- Kalisham Rural District Location within Iran
- Coordinates: 36°43′N 49°58′E﻿ / ﻿36.717°N 49.967°E
- Country: Iran
- Province: Gilan
- County: Rudbar
- District: Amarlu
- Established: 1987
- Capital: Kalisham

Population (2016)
- • Total: 2,232
- Time zone: UTC+3:30 (IRST)

= Kalisham Rural District =

Rural district in Gilan province, Iran

Kalisham Rural District (دهستان كليشم) is in Amarlu District of Rudbar County, Gilan province, Iran. Its capital is the village of Kalisham.

==Demographics==
===Population===
At the time of the 2006 National Census, the rural district's population was 2,528 in 767 households.
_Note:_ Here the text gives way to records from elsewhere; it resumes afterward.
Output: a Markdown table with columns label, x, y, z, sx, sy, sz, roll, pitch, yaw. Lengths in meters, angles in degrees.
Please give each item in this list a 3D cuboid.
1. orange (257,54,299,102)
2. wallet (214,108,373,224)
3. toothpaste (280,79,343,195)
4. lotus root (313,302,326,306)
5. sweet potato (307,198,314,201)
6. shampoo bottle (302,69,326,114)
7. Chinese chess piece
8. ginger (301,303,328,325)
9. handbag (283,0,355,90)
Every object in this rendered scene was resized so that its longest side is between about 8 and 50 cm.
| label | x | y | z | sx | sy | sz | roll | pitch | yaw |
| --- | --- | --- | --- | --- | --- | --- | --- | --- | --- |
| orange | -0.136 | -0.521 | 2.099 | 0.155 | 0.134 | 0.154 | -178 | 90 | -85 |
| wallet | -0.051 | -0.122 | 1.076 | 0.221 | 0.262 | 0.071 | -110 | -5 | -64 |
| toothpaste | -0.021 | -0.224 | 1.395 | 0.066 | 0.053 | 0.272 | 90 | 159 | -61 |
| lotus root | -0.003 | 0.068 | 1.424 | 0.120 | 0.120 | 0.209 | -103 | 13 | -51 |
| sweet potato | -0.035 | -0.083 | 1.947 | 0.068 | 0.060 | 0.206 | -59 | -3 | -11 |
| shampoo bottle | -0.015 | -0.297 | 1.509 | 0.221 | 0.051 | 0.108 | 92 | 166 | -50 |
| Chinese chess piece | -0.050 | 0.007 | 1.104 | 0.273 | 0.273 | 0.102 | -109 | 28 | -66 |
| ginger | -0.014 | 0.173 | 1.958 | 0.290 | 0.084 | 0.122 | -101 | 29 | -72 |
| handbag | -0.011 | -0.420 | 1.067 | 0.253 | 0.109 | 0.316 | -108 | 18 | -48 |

There were 2,004 inhabitants in 750 households at the following census of 2011. The 2016 census measured the population of the rural district as 2,232 in 870 households. The most populous of its 11 villages was Kalisham, with 747 people.

According to 2016 census, there were 11 settlements in the rural district, with two having no residents at the time.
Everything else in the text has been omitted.